▶ [TASK GOAL]: Reproduce every entry exactly and leave its pictures out.

▶ [STORED DATA]:

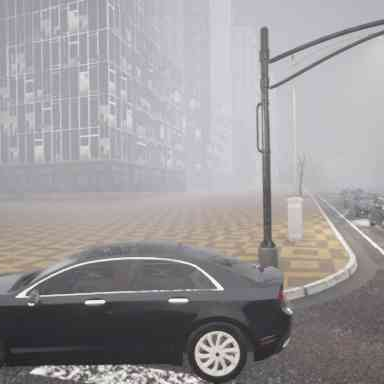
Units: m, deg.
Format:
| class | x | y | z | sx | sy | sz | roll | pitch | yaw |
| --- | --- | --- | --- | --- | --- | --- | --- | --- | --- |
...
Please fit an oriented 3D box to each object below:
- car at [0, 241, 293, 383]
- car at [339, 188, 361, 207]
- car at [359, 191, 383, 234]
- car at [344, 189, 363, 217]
| class | x | y | z | sx | sy | sz | roll | pitch | yaw |
| --- | --- | --- | --- | --- | --- | --- | --- | --- | --- |
| car | -1.093 | 1.505 | 4.778 | 4.892 | 1.490 | 1.837 | 0 | 0 | 0 |
| car | 13.008 | 0.454 | 26.793 | 2.128 | 1.511 | 4.902 | -1 | 2 | 18 |
| car | 8.983 | 0.928 | 14.429 | 2.128 | 1.511 | 4.902 | -1 | 2 | 18 |
| car | 11.023 | 0.759 | 20.726 | 1.994 | 1.385 | 4.181 | -1 | 2 | 17 |

▶ [ANSWER FOR THE TASK]:
Units: m, deg.
Format:
| class | x | y | z | sx | sy | sz | roll | pitch | yaw |
| --- | --- | --- | --- | --- | --- | --- | --- | --- | --- |
...
Please fit an oriented 3D box to each object below:
- car at [0, 241, 293, 383]
- car at [339, 188, 361, 207]
- car at [359, 191, 383, 234]
- car at [344, 189, 363, 217]
| class | x | y | z | sx | sy | sz | roll | pitch | yaw |
| --- | --- | --- | --- | --- | --- | --- | --- | --- | --- |
| car | -1.093 | 1.505 | 4.778 | 4.892 | 1.490 | 1.837 | 0 | 0 | 0 |
| car | 13.008 | 0.454 | 26.793 | 2.128 | 1.511 | 4.902 | -1 | 2 | 18 |
| car | 8.983 | 0.928 | 14.429 | 2.128 | 1.511 | 4.902 | -1 | 2 | 18 |
| car | 11.023 | 0.759 | 20.726 | 1.994 | 1.385 | 4.181 | -1 | 2 | 17 |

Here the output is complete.